* _Try it_: Transcribe exactly the lines from the first line of the records through the line containing "Concise answer only. 7,664,500-17,555,200. Which", and leave out every picture.

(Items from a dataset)
= Beginning of Section =

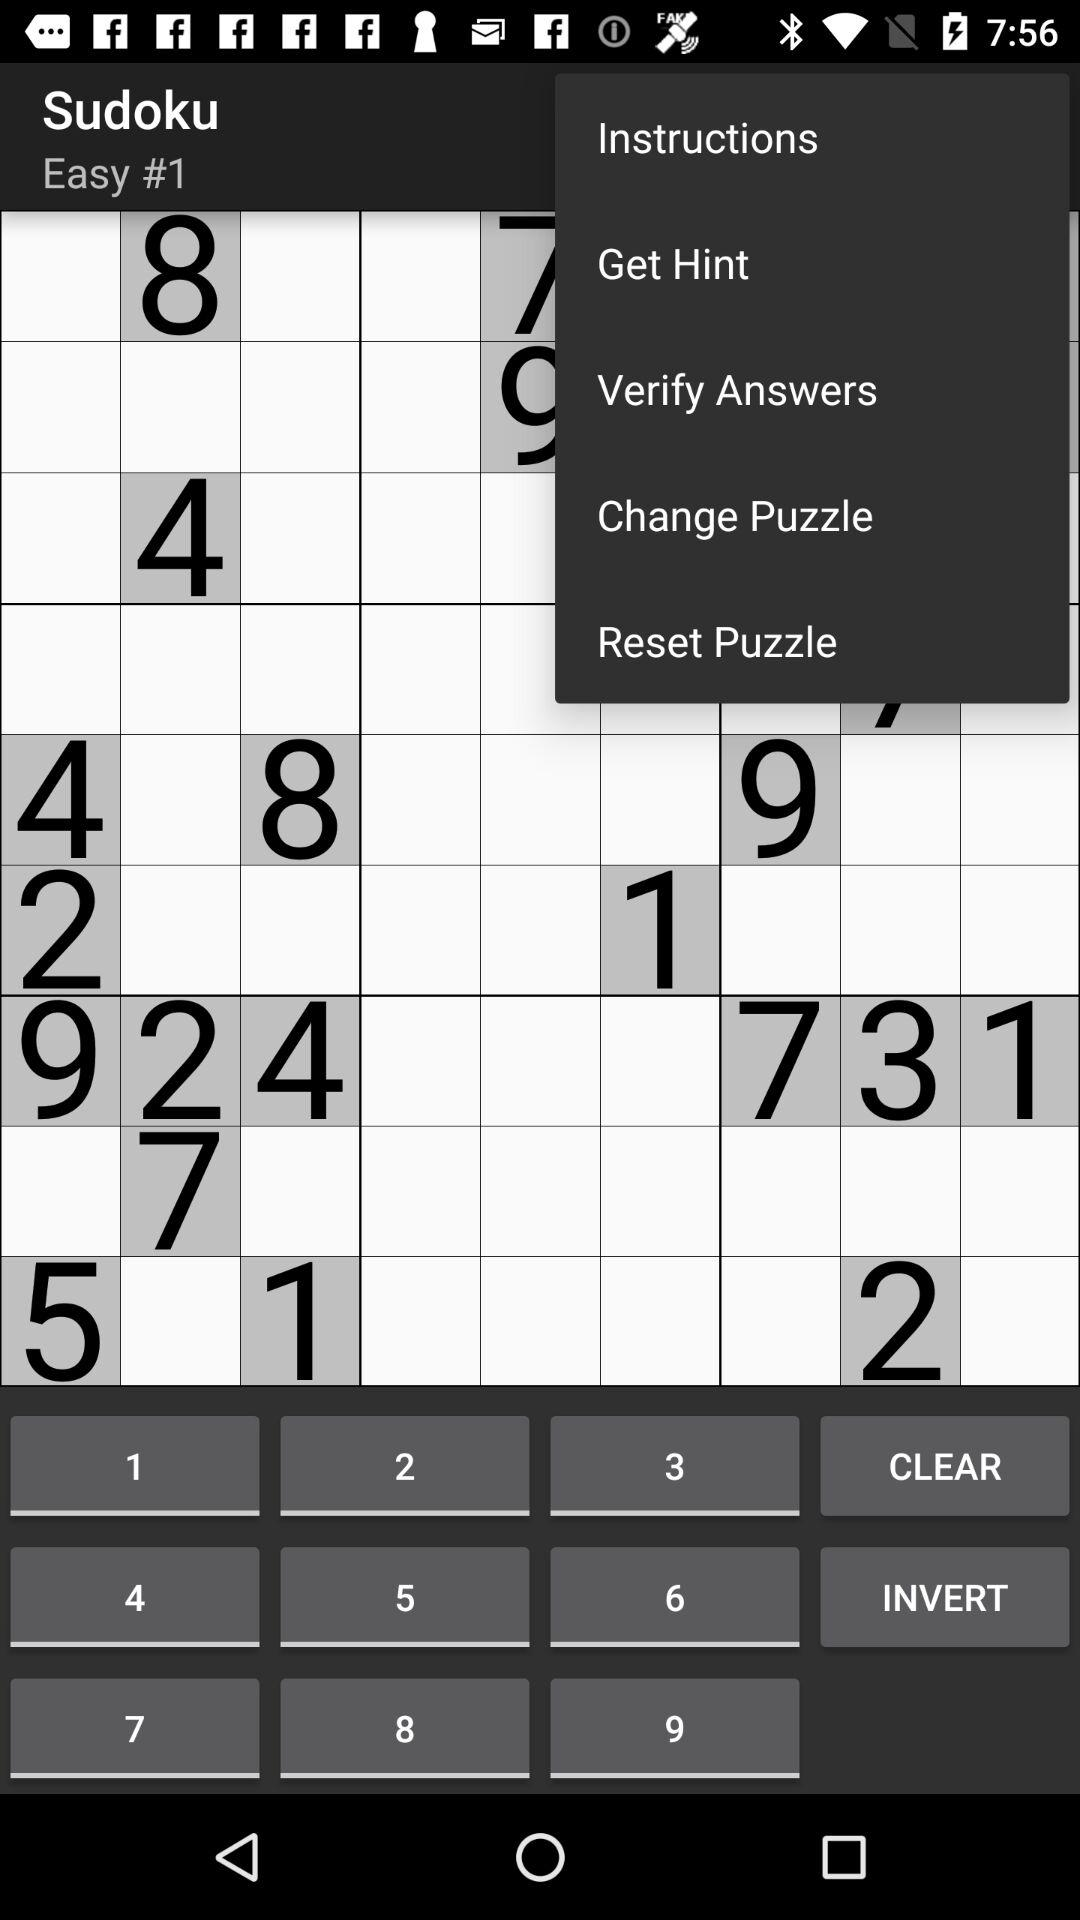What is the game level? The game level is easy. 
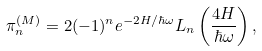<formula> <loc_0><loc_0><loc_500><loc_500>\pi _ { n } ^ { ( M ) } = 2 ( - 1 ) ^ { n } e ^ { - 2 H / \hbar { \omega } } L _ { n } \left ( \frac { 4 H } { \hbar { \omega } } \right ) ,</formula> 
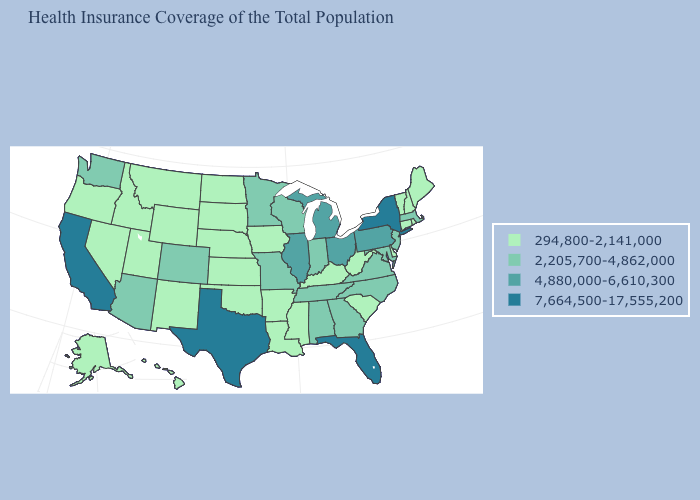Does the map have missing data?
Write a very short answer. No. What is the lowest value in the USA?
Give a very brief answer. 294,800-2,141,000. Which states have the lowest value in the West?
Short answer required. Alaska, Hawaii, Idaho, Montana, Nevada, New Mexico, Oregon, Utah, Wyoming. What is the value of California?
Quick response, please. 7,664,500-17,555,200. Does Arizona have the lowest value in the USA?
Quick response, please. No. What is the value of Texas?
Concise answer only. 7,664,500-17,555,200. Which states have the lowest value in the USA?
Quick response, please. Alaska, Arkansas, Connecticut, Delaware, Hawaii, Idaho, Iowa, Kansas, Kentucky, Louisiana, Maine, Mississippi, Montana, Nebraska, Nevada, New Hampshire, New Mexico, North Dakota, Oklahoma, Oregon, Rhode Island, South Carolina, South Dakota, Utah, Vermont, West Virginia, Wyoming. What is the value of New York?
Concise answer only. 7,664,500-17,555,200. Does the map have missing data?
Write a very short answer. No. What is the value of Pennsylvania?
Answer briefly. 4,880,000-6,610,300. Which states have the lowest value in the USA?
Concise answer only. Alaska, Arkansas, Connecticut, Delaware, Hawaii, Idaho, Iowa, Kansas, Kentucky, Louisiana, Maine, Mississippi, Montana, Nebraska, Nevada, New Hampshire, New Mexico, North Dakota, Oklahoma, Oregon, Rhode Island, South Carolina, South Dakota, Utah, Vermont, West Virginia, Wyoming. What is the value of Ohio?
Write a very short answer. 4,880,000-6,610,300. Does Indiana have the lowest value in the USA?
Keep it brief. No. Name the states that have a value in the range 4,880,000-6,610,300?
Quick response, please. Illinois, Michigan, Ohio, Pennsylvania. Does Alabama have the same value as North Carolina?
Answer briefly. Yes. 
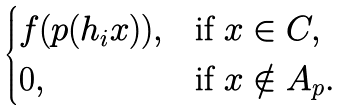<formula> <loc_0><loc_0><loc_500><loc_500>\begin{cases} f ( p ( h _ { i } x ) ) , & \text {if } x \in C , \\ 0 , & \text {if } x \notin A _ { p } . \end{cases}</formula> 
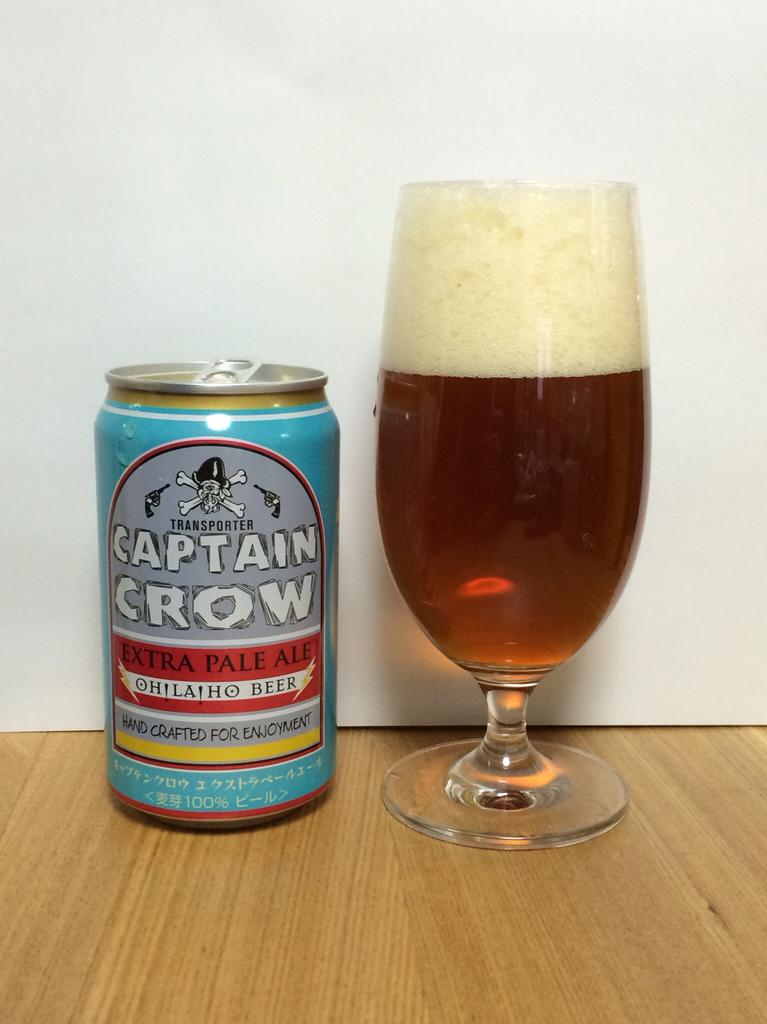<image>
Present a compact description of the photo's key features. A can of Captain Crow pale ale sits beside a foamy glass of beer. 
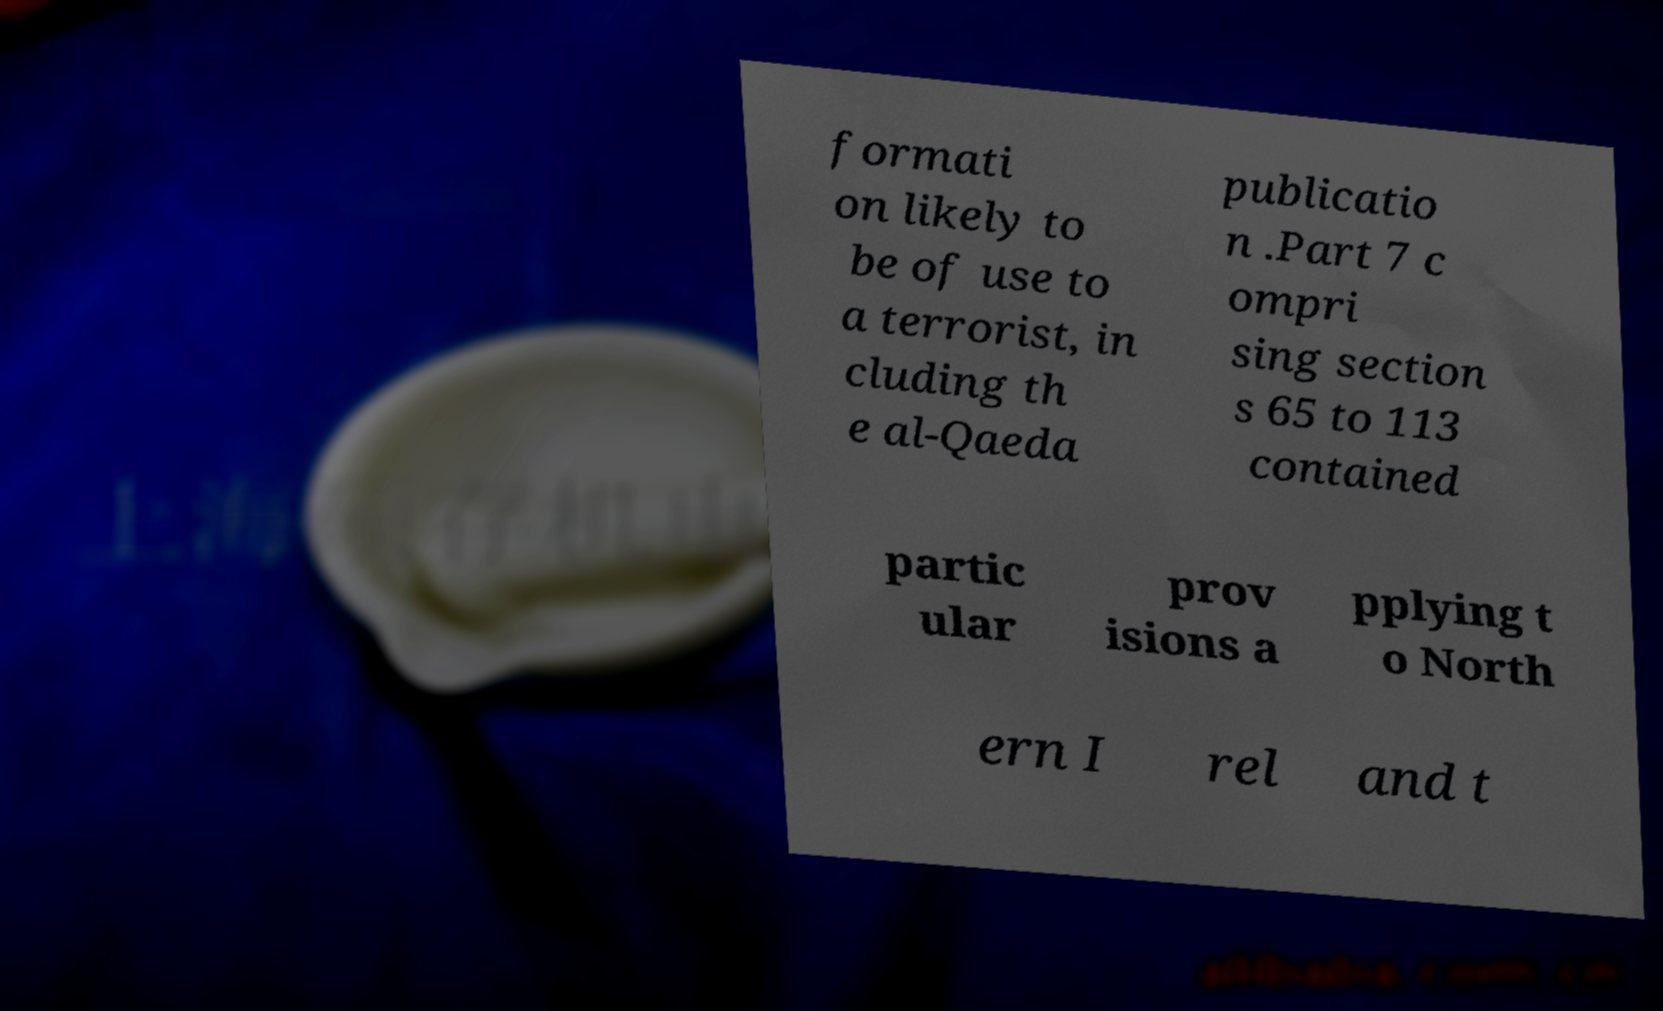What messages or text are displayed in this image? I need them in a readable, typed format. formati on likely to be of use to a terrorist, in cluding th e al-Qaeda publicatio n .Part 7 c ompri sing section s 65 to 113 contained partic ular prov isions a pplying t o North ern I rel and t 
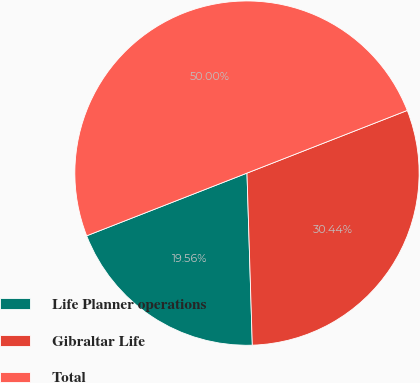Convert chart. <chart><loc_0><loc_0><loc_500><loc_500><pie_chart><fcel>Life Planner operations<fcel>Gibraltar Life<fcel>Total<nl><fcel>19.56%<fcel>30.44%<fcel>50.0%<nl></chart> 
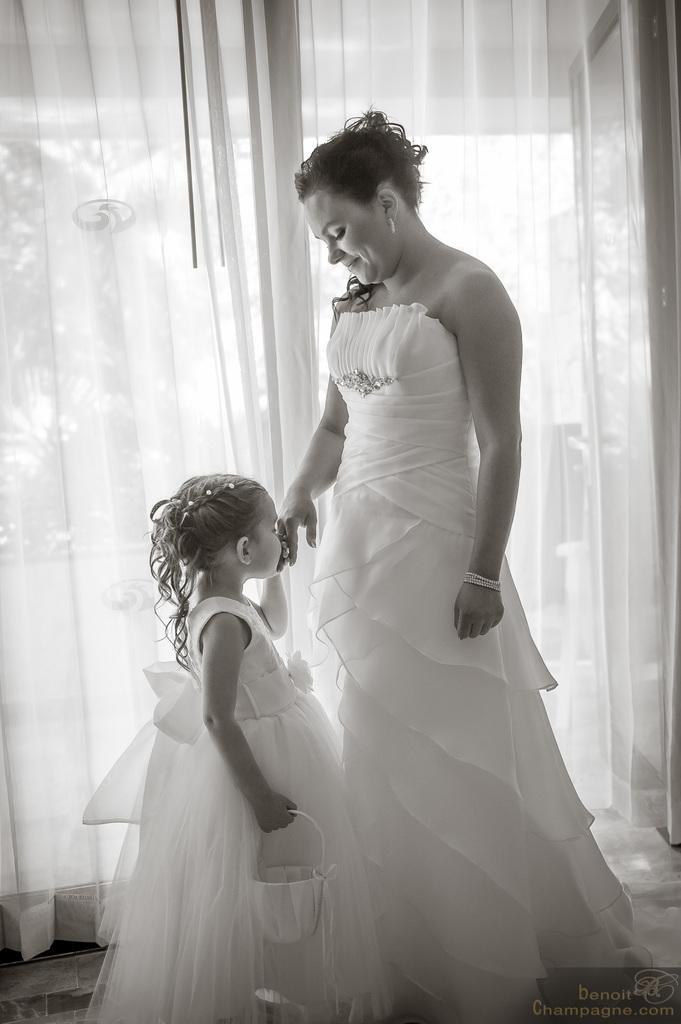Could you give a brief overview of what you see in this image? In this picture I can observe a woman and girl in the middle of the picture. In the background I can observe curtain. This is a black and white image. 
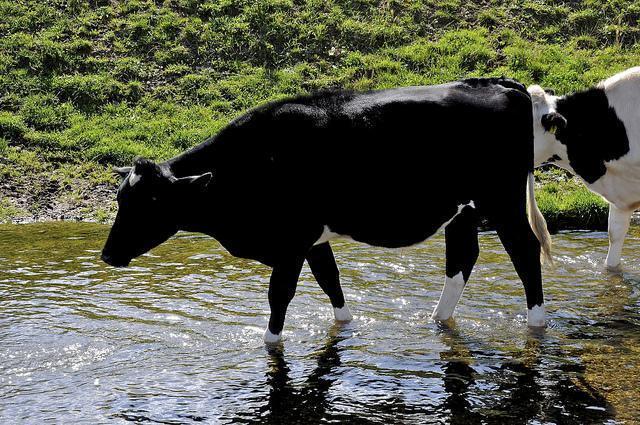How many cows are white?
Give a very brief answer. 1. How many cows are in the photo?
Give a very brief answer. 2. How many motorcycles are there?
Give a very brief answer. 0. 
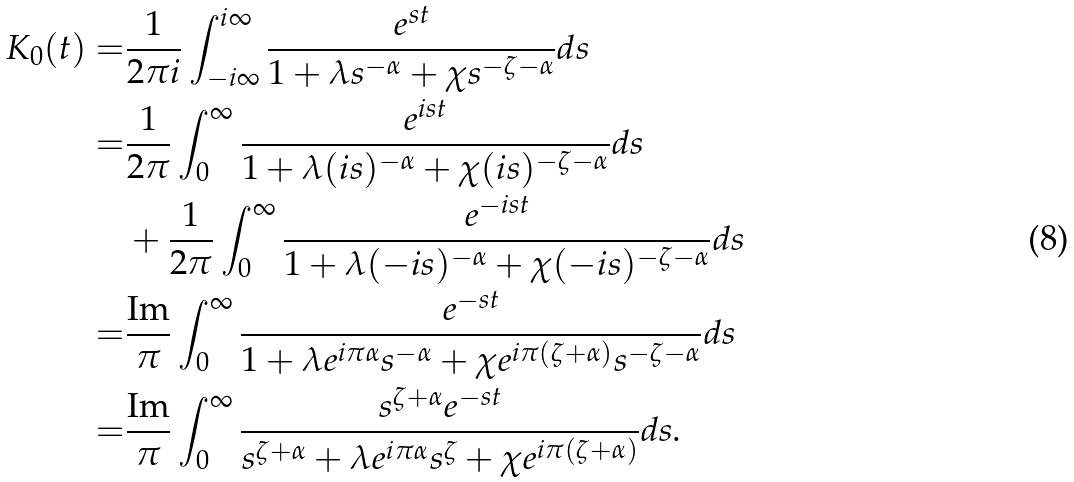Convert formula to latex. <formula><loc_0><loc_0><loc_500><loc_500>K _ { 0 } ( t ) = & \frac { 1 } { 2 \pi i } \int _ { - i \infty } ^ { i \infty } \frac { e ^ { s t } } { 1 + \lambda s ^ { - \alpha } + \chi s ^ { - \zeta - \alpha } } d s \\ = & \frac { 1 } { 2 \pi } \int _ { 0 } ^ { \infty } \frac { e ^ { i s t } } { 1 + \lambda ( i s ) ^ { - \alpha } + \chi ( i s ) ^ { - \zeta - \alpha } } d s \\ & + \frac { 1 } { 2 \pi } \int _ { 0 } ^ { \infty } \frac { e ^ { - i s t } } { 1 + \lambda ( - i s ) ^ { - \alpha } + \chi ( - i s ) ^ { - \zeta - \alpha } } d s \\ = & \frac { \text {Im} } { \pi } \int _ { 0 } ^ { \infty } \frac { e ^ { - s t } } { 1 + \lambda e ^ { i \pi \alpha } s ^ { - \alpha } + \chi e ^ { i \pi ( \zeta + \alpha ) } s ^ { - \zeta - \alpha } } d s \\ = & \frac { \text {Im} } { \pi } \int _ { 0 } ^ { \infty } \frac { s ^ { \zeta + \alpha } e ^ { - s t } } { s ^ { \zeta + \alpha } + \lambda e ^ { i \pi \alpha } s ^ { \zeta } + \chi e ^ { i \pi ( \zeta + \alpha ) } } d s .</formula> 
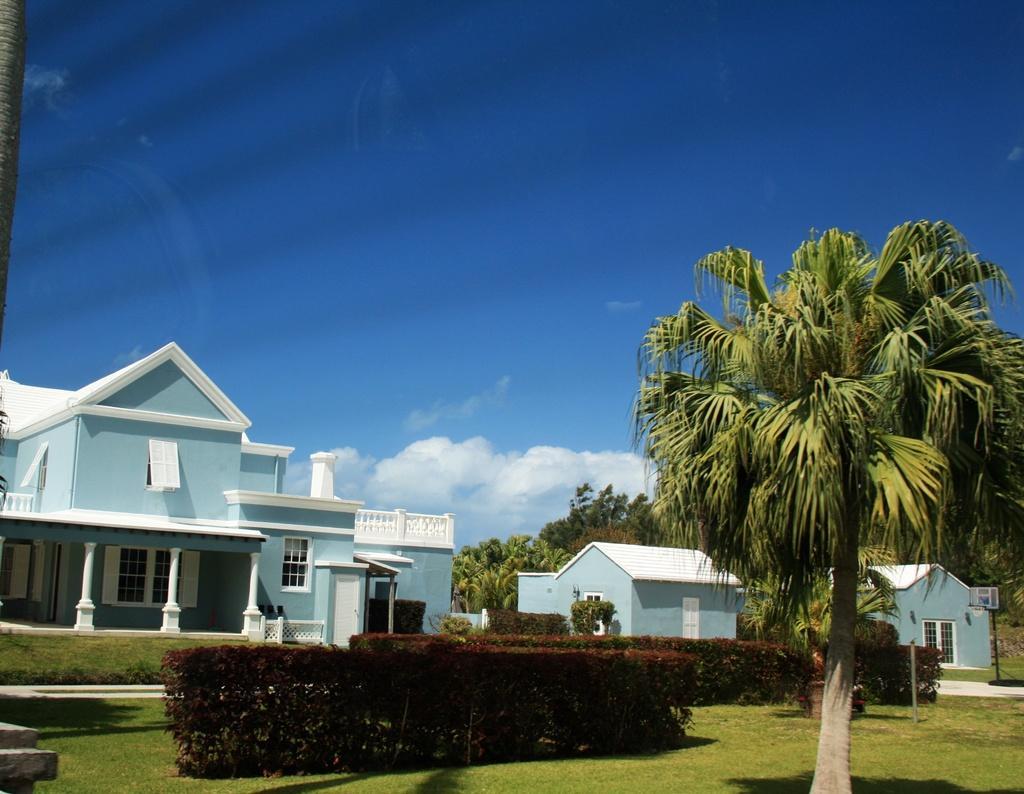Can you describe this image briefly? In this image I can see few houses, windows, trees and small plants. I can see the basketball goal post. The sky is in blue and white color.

= End of Section =

* _Exercise response_:
What is the game level? The game level is easy. 
<formula> <loc_0><loc_0><loc_500><loc_500>\pi _ { n } ^ { ( M ) } = 2 ( - 1 ) ^ { n } e ^ { - 2 H / \hbar { \omega } } L _ { n } \left ( \frac { 4 H } { \hbar { \omega } } \right ) ,</formula> 
Does the map have missing data?
Write a very short answer. No. What is the lowest value in the USA?
Give a very brief answer. 294,800-2,141,000. Which states have the lowest value in the West?
Short answer required. Alaska, Hawaii, Idaho, Montana, Nevada, New Mexico, Oregon, Utah, Wyoming. What is the value of California?
Quick response, please. 7,664,500-17,555,200. Does Arizona have the lowest value in the USA?
Quick response, please. No. What is the value of Texas?
Concise answer only. 7,664,500-17,555,200. Which states have the lowest value in the USA?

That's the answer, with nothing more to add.